** PROBLEM REQUIREMENTS **
Copy exactly, and only, the lines between the start of the entries below and the line containing "Use a one-line", both inclusive. Omit pictures.

= Beginning of Section =

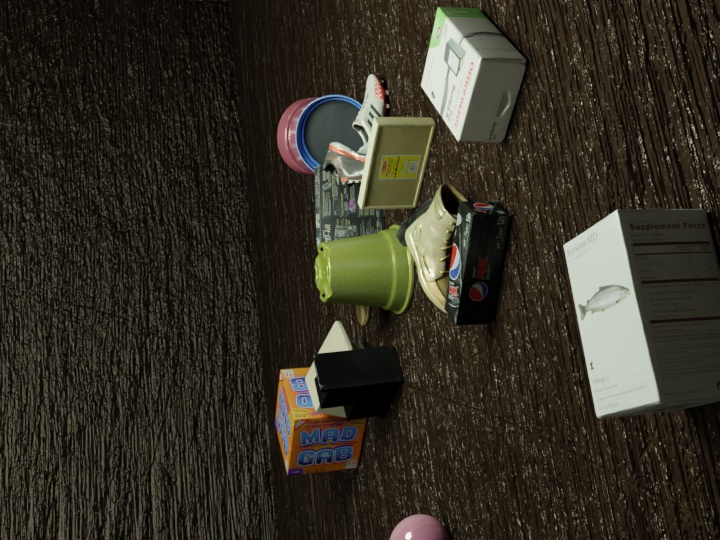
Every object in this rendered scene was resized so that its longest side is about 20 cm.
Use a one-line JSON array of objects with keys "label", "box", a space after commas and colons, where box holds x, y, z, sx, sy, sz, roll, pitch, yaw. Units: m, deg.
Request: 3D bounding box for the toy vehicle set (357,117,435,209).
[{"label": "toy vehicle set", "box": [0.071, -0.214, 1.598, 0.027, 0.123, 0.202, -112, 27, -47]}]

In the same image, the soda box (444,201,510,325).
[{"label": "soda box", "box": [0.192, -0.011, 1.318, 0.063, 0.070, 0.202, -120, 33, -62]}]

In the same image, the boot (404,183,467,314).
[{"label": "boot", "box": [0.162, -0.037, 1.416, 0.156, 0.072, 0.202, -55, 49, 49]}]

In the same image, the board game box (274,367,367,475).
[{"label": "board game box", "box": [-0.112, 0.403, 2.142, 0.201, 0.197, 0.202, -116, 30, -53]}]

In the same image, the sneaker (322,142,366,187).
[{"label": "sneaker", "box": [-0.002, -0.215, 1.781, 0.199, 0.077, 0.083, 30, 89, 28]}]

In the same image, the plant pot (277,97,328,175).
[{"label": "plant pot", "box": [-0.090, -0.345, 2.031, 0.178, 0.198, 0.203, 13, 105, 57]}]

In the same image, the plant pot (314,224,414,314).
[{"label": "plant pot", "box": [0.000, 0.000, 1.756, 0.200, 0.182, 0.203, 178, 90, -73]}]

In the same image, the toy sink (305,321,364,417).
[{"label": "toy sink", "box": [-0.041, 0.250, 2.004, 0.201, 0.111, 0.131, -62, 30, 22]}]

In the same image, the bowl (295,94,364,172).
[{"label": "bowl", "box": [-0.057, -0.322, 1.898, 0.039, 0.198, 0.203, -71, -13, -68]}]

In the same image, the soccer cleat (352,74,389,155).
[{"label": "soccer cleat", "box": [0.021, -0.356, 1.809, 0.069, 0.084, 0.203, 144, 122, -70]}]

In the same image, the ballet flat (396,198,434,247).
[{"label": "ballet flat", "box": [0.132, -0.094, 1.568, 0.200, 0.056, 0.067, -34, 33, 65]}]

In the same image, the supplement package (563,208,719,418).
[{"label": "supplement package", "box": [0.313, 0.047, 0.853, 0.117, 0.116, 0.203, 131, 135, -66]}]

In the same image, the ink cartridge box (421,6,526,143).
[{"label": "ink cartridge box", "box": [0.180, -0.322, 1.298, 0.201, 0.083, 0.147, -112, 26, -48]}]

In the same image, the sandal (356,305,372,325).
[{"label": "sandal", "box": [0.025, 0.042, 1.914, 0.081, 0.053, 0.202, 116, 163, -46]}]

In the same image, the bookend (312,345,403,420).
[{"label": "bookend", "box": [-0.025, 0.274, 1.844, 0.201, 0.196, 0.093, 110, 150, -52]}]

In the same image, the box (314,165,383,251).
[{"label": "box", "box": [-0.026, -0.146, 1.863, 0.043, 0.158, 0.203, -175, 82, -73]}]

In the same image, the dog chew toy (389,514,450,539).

= End of Section =

** RESULT FOR THIS EXERCISE **
Every object in this rendered scene was resized so that its longest side is about 20 cm.
Use a one-line JSON array of objects with keys "label", "box", a space after commas and colons, where box holds x, y, z, sx, sy, sz, roll, pitch, yaw. Units: m, deg.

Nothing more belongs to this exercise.